The difference of course being that machines are much more powerful nowadays than they were 10, and even 5 years ago, and really don't need to worry about this; is saving 3 - 30 nano-seconds of processing really worthwhile? Nope, definitely not. The most interesting benches there are the last two of the single vs double tests. I'm a little surprised that \$ indicates a slower parse than the $ alone, which almost looks like they are evaluating it from the inside out instead of the outside in.

So really, it simply comes down to a personal preference on this; choose one and stick with it. Chances are you'll never need to script PHP on a legacy machine. Mine is to stick with the single quotations (I remember back to my 16MB web server back in the day on a P2 300, optimization really did a lot back then), and so I will continue to recommend the use of single.

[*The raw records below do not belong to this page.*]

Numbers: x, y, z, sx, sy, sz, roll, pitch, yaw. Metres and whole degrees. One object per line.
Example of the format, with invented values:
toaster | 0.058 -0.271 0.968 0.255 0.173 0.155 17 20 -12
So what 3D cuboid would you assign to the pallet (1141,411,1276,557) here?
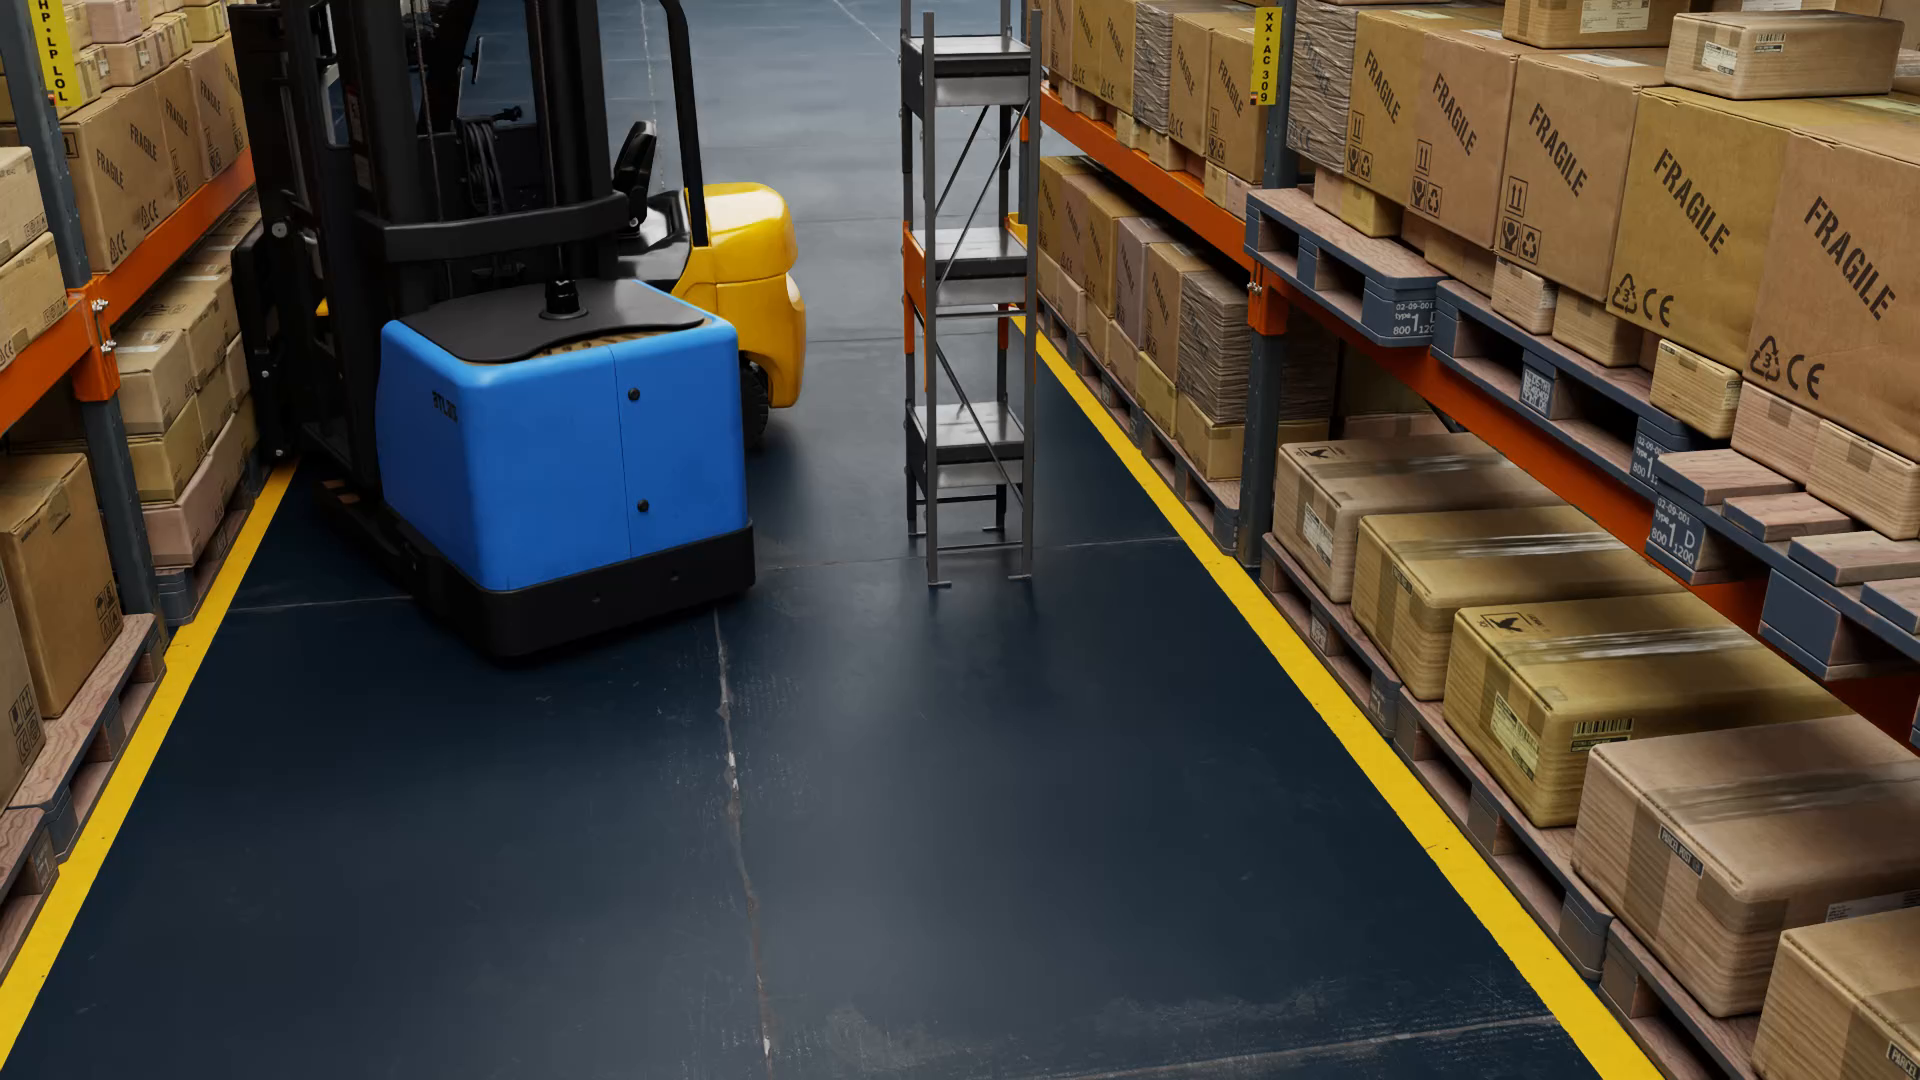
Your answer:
pallet | 1.432 -0.300 7.173 1.003 0.211 1.213 -4 24 -10

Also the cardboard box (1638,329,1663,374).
cardboard box | 1.802 -0.443 3.805 0.380 0.149 0.250 -4 24 -9

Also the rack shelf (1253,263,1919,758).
rack shelf | 1.961 -0.200 4.359 1.077 0.370 4.000 -4 24 -10

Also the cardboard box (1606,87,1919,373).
cardboard box | 1.773 -0.677 3.530 0.500 0.500 0.500 -6 24 -13

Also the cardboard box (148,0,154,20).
cardboard box | -3.370 -2.075 6.446 0.380 0.149 0.250 -4 24 -10

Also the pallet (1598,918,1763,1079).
pallet | 2.188 1.227 3.676 1.003 0.211 1.213 -4 24 -10

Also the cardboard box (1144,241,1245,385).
cardboard box | 1.122 -1.005 7.277 0.500 0.500 0.500 -4 24 -9

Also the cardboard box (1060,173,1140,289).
cardboard box | 0.835 -1.613 8.670 0.500 0.500 0.500 -5 24 -12

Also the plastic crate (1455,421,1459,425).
plastic crate | 2.107 -0.657 8.153 0.402 0.080 0.583 -13 27 -28

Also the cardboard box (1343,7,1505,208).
cardboard box | 1.489 -1.288 4.931 0.500 0.500 0.500 -4 24 -10

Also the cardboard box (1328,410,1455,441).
cardboard box | 1.747 -0.501 7.060 0.500 0.250 0.500 -5 24 -12

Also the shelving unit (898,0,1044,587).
shelving unit | 0.031 -0.897 6.181 0.431 2.100 0.503 -4 24 -10

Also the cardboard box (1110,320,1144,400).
cardboard box | 1.020 -0.870 7.906 0.500 0.250 0.500 -4 24 -9

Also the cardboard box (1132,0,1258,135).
cardboard box | 1.062 -2.061 7.224 0.500 0.500 0.500 -4 24 -8

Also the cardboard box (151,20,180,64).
cardboard box | -3.295 -1.941 6.511 0.380 0.149 0.250 -5 24 -11

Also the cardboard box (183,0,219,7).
cardboard box | -3.418 -2.380 7.145 0.380 0.149 0.250 -4 24 -9

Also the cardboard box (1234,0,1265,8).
cardboard box | 1.584 -2.548 7.090 0.700 0.500 0.500 -5 24 -11

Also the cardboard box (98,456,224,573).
cardboard box | -3.050 -0.095 6.130 0.500 0.250 0.500 -4 24 -9

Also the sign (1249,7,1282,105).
sign | 1.059 -1.670 5.744 0.100 0.325 0.005 -4 24 -10

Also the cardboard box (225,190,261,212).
cardboard box | -3.534 -1.553 8.219 0.500 0.250 0.500 -4 24 -9

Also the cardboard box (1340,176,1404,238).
cardboard box | 1.420 -1.054 5.205 0.380 0.149 0.250 -4 24 -9

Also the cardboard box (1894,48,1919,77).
cardboard box | 2.182 -0.922 4.092 0.500 0.500 0.500 -5 24 -12

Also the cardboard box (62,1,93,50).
cardboard box | -3.247 -1.770 5.748 0.380 0.149 0.250 -5 24 -11

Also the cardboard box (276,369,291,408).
cardboard box | -3.344 -0.695 7.505 0.500 0.250 0.500 -4 24 -8

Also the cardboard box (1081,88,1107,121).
cardboard box | 0.823 -2.214 8.387 0.380 0.149 0.250 -4 24 -8

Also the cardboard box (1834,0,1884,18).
cardboard box | 5.811 -3.222 10.192 0.875 0.550 0.550 -4 24 -10

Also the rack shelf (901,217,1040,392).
rack shelf | 0.031 -0.885 6.186 0.431 0.518 0.480 -4 24 -10

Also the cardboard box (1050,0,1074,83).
cardboard box | 0.765 -2.661 8.599 0.500 0.500 0.500 -4 24 -8

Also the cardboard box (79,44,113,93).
cardboard box | -3.212 -1.638 5.816 0.380 0.149 0.250 -4 24 -10

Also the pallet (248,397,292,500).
pallet | -3.621 -0.466 7.554 1.003 0.211 1.213 -4 24 -10

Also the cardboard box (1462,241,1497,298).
cardboard box | 1.598 -0.746 4.501 0.380 0.149 0.250 -4 24 -9

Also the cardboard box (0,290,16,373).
cardboard box | -2.838 -0.503 4.340 0.500 0.250 0.500 -4 24 -10

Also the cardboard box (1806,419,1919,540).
cardboard box | 1.828 -0.128 3.084 0.380 0.149 0.250 -5 24 -10

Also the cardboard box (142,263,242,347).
cardboard box | -3.255 -0.948 6.835 0.500 0.250 0.500 -3 24 -8

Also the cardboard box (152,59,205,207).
cardboard box | -3.319 -1.590 6.518 0.500 0.500 0.500 -5 24 -10

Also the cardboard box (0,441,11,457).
cardboard box | -3.578 -0.285 5.942 0.500 0.250 0.500 -5 24 -11

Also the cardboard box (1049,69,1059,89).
cardboard box | 0.711 -2.626 9.328 0.380 0.149 0.250 -4 24 -10

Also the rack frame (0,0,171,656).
rack frame | -3.286 -0.947 5.172 1.000 3.000 0.127 -4 24 -10

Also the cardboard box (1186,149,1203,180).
cardboard box | 1.175 -1.610 7.002 0.380 0.149 0.250 -5 24 -10

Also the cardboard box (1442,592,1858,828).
cardboard box | 1.957 0.457 4.713 0.950 0.372 0.625 -4 24 -8

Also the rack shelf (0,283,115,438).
rack shelf | -2.916 0.169 3.514 1.077 0.370 4.000 -4 24 -10

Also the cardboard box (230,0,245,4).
cardboard box | -3.622 -2.543 7.890 0.380 0.149 0.250 -4 24 -9

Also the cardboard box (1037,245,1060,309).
cardboard box | 0.729 -1.484 9.311 0.500 0.250 0.500 -5 24 -10

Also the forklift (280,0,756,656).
forklift | -2.045 -1.474 6.464 1.130 2.935 3.031 -17 29 -33

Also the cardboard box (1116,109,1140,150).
cardboard box | 0.940 -1.906 7.680 0.380 0.149 0.250 -4 24 -9

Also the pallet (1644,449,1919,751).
pallet | 2.094 0.073 3.076 1.213 0.211 1.003 -4 24 -10

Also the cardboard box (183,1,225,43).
cardboard box | -3.425 -2.246 7.208 0.380 0.149 0.250 -4 24 -9

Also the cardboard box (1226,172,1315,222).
cardboard box | 1.232 -1.305 6.304 0.380 0.149 0.250 -5 24 -10

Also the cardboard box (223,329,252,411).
cardboard box | -3.249 -0.719 6.934 0.500 0.250 0.500 -5 24 -10

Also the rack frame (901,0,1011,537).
rack frame | -0.015 -0.993 6.400 0.400 2.100 0.015 -4 24 -10

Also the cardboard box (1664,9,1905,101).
cardboard box | 1.751 -1.037 3.546 0.380 0.149 0.250 -5 24 -12

One thing to mention about these benches. Some of them need to be taken with a grain of salt. They have a test for $obj = $someClass->f() vs. $obj =& $someClass->f() , but the usage of return by reference isn't acknowledge as the reasoning. If the result is returned by reference, than it must act as a reference. Since they don't mention the PHP version in use, the & should for sure be omitted in PHP5 UNLESS the method itself is slated as a return-by-reference method (ie: public function &f()); the only thing that is always returned by reference in PHP5+ is objects; PHP4 on the other hand would need to act a reference even if the returned result is an object. Otherwise, PHP's copy-on-write techniques make standard non-reference assignments as references useless as there will be no extra consumed memory until the variable has been rewritten (if that makes sense >.<).

That out of the way, as Dormilich mentioned, we do need to see your updated code to determine where the problem now lies.